According to the subdivision ordinance, which outlines the steps groups must take when forming a new council, applicants must conduct outreach within their proposed boundaries. Applicants for subdivided neighborhood councils also need to submit an application containing at least 200 signatures from stakeholders in proposed boundaries.
Several community members at the council’s public comment sessions said they had mixed feelings about the formation of the North Westwood Neighborhood Council.
Earlier in the meeting, Broide said she thinks the department failed to create suitable requirements for subdividing neighborhood councils. She added she thinks Westwood would be more stable under a single council that oversees UCLA and the nearby residences.

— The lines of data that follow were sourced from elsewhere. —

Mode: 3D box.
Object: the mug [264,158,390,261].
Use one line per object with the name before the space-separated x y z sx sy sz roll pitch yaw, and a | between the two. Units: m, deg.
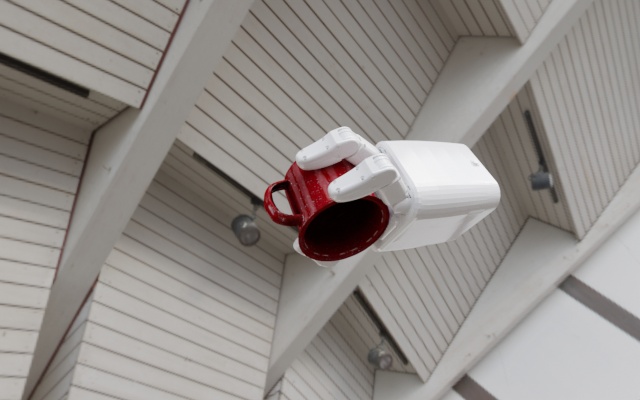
mug | -0.001 0.002 0.476 0.117 0.093 0.081 -3 45 -23
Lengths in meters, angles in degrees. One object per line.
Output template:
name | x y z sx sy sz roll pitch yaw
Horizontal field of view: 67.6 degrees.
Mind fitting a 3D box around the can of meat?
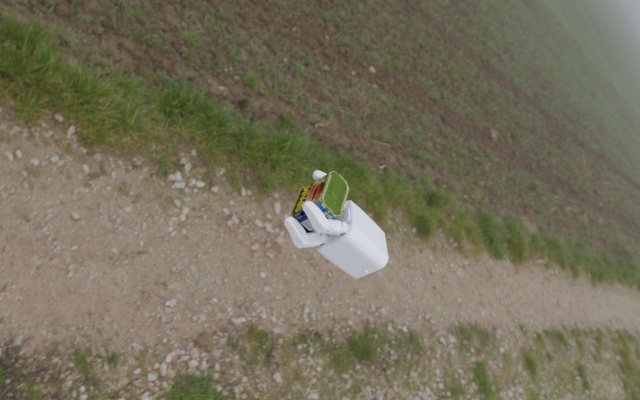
can of meat | 0.000 0.003 0.877 0.084 0.102 0.057 -30 -63 37
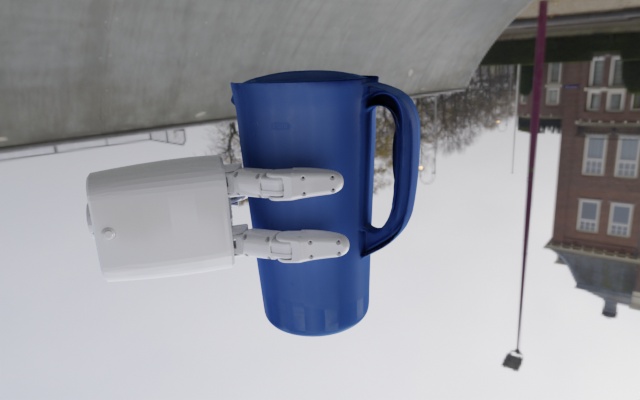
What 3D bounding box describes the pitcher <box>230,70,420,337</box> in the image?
[{"bbox_3d":[0.000,0.001,0.454,0.145,0.243,0.149,-7,17,-15],"label":"pitcher"}]
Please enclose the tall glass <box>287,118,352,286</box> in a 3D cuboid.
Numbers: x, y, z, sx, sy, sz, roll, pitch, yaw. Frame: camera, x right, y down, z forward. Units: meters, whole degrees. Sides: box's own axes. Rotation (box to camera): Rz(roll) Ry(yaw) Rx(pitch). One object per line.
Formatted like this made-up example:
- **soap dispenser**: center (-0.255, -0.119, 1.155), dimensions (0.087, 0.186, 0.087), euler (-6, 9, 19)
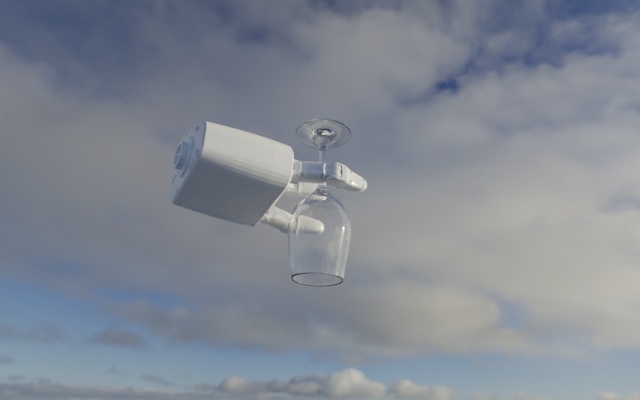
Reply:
- **tall glass**: center (0.000, 0.001, 0.597), dimensions (0.079, 0.201, 0.079), euler (2, -24, 1)
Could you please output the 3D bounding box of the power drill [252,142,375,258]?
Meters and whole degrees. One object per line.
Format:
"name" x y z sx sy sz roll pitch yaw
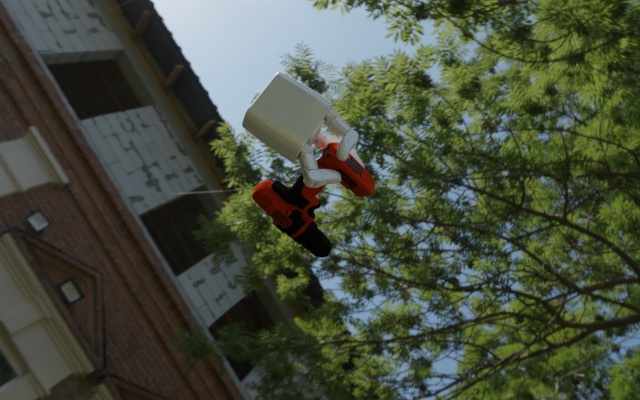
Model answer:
"power drill" 0.000 0.002 0.827 0.188 0.184 0.057 -37 21 26
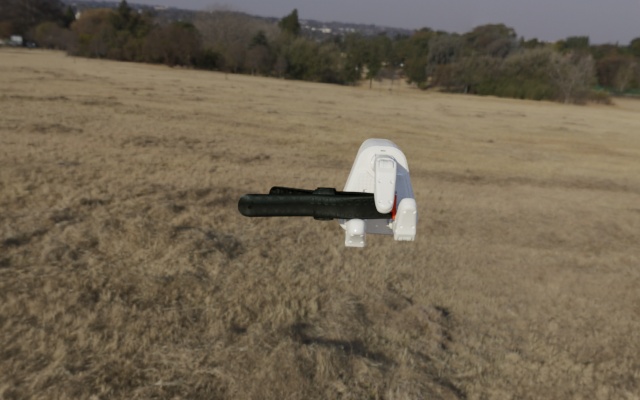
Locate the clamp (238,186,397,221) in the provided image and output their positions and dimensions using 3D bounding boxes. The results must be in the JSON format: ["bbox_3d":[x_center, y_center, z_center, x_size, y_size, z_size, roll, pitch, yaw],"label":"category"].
[{"bbox_3d":[0.000,0.001,0.555,0.171,0.039,0.120,4,13,3],"label":"clamp"}]
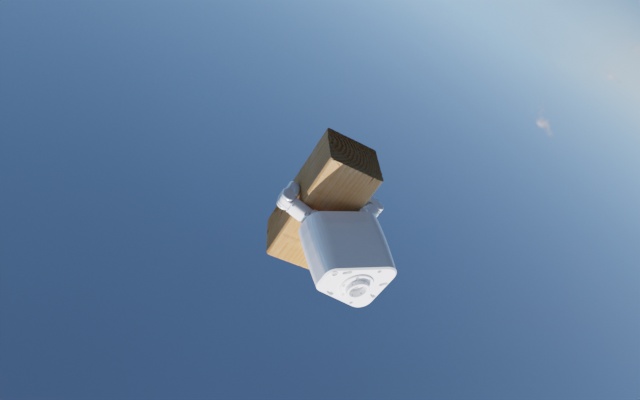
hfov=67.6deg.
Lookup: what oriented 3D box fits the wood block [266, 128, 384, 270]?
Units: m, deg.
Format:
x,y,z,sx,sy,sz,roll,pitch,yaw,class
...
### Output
x,y,z,sx,sy,sz,roll,pitch,yaw,class
0.000,0.003,0.756,0.091,0.206,0.090,23,33,-20,wood block
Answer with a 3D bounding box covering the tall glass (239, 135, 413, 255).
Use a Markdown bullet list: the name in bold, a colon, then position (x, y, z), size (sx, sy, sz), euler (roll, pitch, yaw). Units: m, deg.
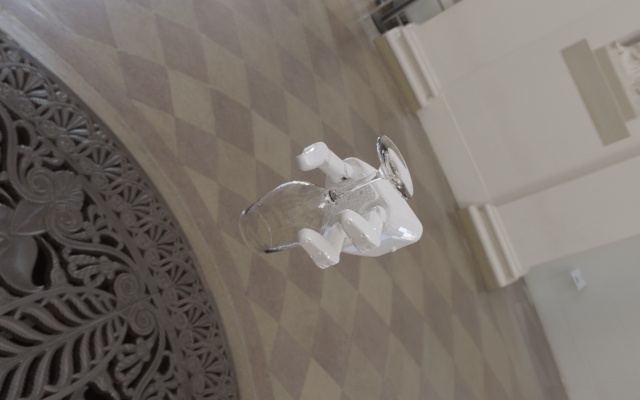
- **tall glass**: position (0.001, 0.001, 0.551), size (0.201, 0.079, 0.079), euler (-25, -12, 27)
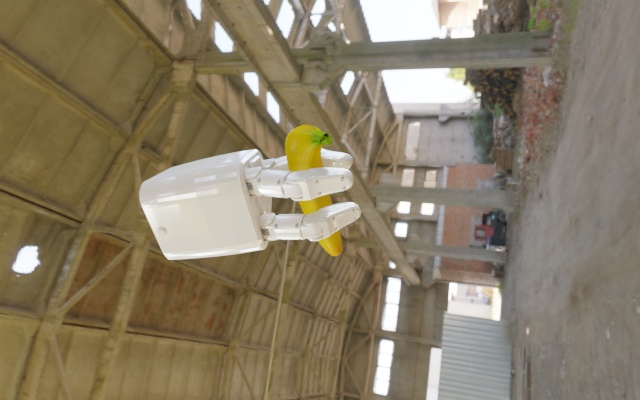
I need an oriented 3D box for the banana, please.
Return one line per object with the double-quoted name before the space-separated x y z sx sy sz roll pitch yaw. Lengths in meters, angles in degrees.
"banana" -0.007 -0.014 0.507 0.037 0.069 0.198 -21 -37 -8
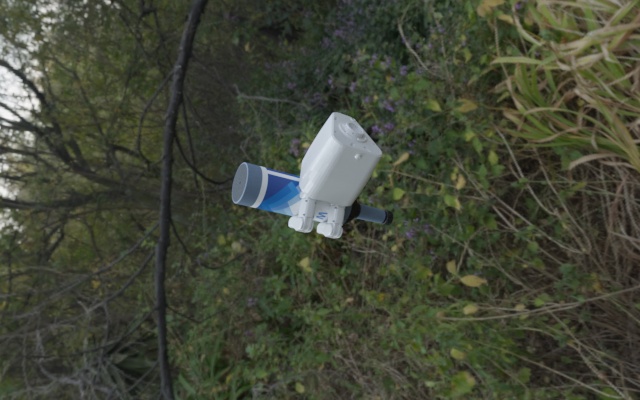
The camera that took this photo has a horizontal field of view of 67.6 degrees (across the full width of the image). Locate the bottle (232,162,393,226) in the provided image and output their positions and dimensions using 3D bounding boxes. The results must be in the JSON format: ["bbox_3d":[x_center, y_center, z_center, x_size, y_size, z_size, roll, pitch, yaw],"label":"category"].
[{"bbox_3d":[0.000,0.003,0.815,0.296,0.069,0.069,13,-6,-28],"label":"bottle"}]
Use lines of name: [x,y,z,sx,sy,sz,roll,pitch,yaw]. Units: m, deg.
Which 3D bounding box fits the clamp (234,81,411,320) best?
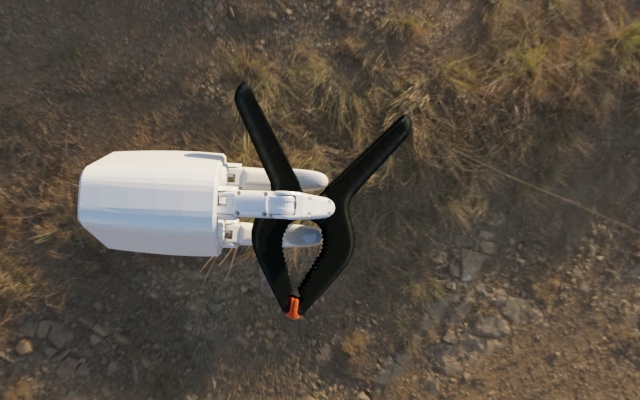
clamp: [0.000,0.002,0.437,0.164,0.210,0.036,3,-2,-7]
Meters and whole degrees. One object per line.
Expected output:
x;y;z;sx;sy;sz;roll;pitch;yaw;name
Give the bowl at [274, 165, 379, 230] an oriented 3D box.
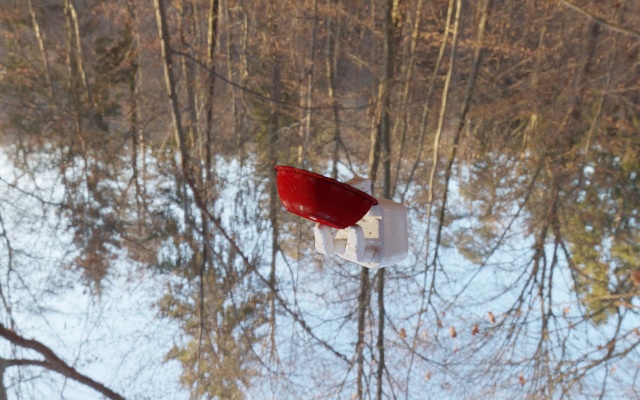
-0.001;0.002;0.697;0.162;0.055;0.162;19;-6;2;bowl
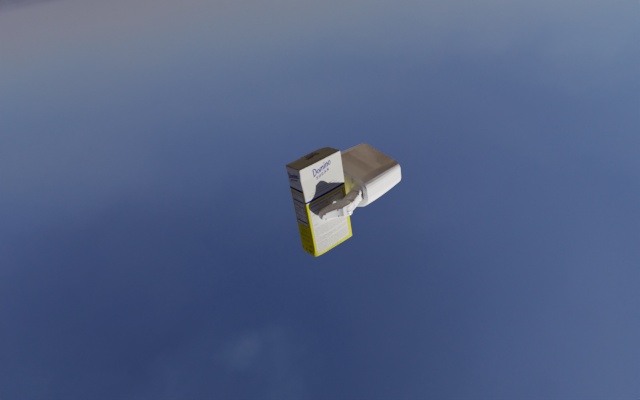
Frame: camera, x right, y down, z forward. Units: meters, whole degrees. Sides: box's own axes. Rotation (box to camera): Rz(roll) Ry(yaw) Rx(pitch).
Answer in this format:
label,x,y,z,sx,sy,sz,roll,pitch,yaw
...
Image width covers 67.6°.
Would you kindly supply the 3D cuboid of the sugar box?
label,x,y,z,sx,sy,sz,roll,pitch,yaw
sugar box,0.000,0.003,0.842,0.093,0.176,0.048,-28,32,-31
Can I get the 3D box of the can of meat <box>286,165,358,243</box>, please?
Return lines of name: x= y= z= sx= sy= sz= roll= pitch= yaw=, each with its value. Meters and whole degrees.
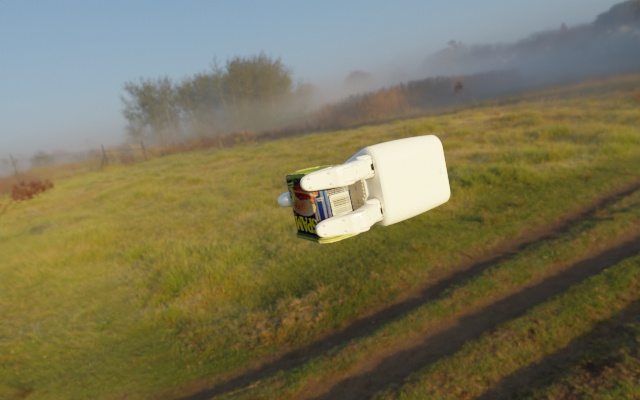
can of meat: x=0.000 y=0.002 z=0.593 sx=0.057 sy=0.084 sz=0.102 roll=-16 pitch=8 yaw=-24
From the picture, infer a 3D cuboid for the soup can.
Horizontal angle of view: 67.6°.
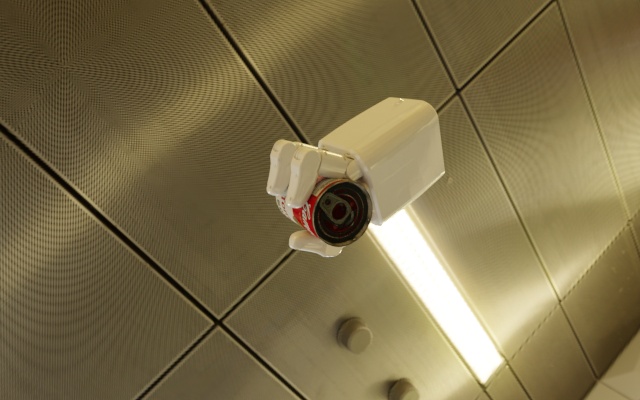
[{"bbox_3d":[0.000,0.002,0.514,0.068,0.068,0.102,0,14,-28],"label":"soup can"}]
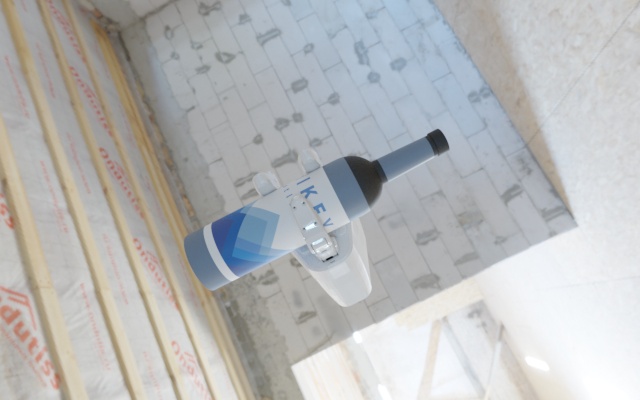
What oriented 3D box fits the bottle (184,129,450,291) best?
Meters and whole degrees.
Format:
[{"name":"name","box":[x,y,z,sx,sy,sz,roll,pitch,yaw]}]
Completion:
[{"name":"bottle","box":[0.000,0.002,0.514,0.296,0.069,0.069,-27,-1,2]}]
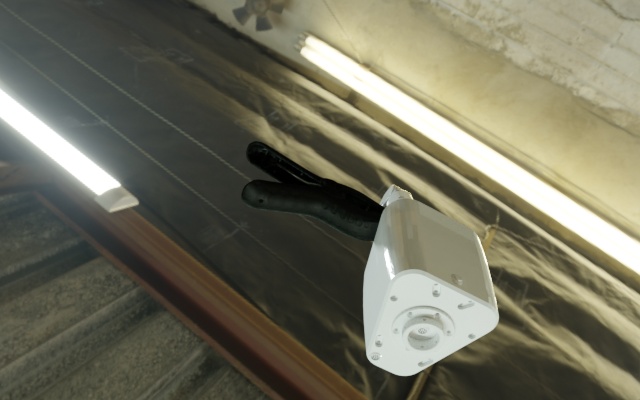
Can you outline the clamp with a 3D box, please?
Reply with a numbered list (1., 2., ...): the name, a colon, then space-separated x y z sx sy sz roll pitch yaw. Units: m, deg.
1. clamp: 0.000 0.002 0.452 0.171 0.039 0.120 24 26 -7
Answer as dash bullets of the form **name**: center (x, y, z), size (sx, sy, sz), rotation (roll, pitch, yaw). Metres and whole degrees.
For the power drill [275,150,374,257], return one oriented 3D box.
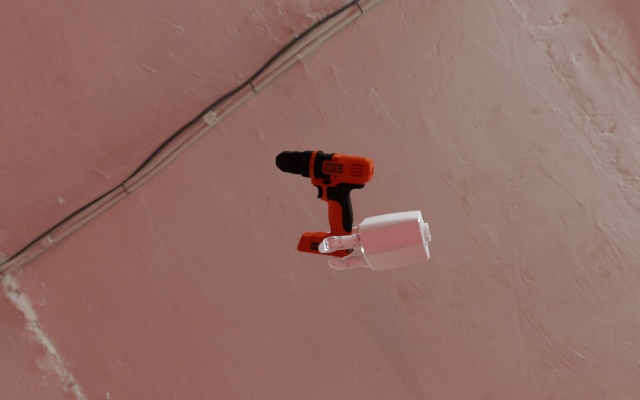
- **power drill**: center (0.000, 0.003, 0.876), size (0.184, 0.188, 0.057), rotation (7, 12, 18)
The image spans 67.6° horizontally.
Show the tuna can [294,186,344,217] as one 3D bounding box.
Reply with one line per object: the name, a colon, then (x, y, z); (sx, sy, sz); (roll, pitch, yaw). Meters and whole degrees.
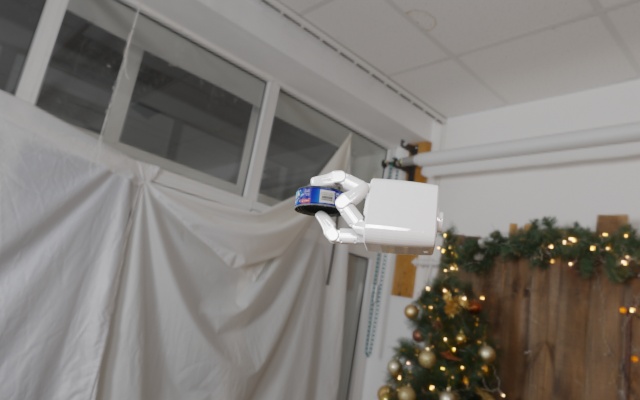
tuna can: (0.000, 0.002, 0.803); (0.086, 0.033, 0.086); (5, -14, 1)
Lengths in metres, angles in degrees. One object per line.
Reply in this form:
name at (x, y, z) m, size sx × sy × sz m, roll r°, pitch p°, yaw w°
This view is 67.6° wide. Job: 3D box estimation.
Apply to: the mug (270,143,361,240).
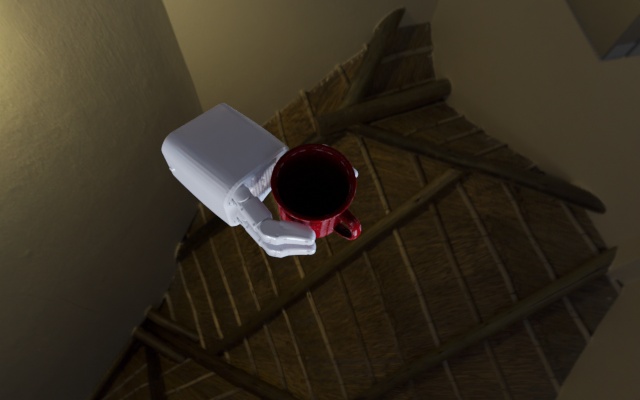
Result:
mug at (0.001, 0.003, 0.548) m, size 0.117 × 0.093 × 0.081 m, roll 39°, pitch -19°, yaw 13°
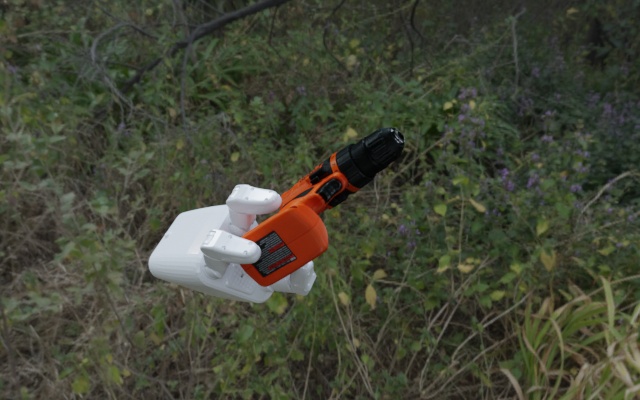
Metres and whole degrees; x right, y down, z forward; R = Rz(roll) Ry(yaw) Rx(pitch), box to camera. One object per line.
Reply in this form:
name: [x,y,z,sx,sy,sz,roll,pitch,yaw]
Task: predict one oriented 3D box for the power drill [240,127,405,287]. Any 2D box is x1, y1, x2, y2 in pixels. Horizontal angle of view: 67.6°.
power drill: [0.000,0.002,0.512,0.184,0.057,0.187,-36,7,32]

Terry Tegnazian, who represents the Westwood Hills Property Owners Association, which now falls under the coalition’s proposed boundaries, said Westwood Forward reached out to her once the department modified its application to include the new area. However, she added she thinks Westwood community members are better off negotiating with one another than splitting up the council and forming a new one with more student representation.
Wren Reynolds, a UCLA programmer analyst, said he supports Westwood Forward because he thinks Westwood needs a more proactive council to address community concerns. He said the proposed council’s boundaries are set up so that no stakeholder group, including students, homeowners or renters, can realistically take a majority of the seats on council.
Of the 15 available seats on the proposed council, three are reserved exclusively for a UCLA faculty member, a UCLA staff member and a homeowner, and two are reserved for business owners.
This means students could take up to 10 seats on the council, but only if they secure all renter seats, organization seats, at-large seats and the general resident seat. In addition, the UCLA faculty, staff and student seats prevent business owners or homeowners from easily taking majority on the council as well.
Katelin Murray, a first-year political science student who serves in the USAC Office of the President, said she thinks the Westwood Neighborhood Council is too hostile of an environment to properly support Westwood interests, citing examples of council members disregarding student comments by interrupting them or laughing.
Murray said she thinks students still deserve more representation in the area, despite the initial three-page motion brought forward by the Westwood Neighborhood Council indicating that students who do not pay taxes or own property in the Village are the main drivers behind the new council.
“We’re here and we’re here to stay,” she said.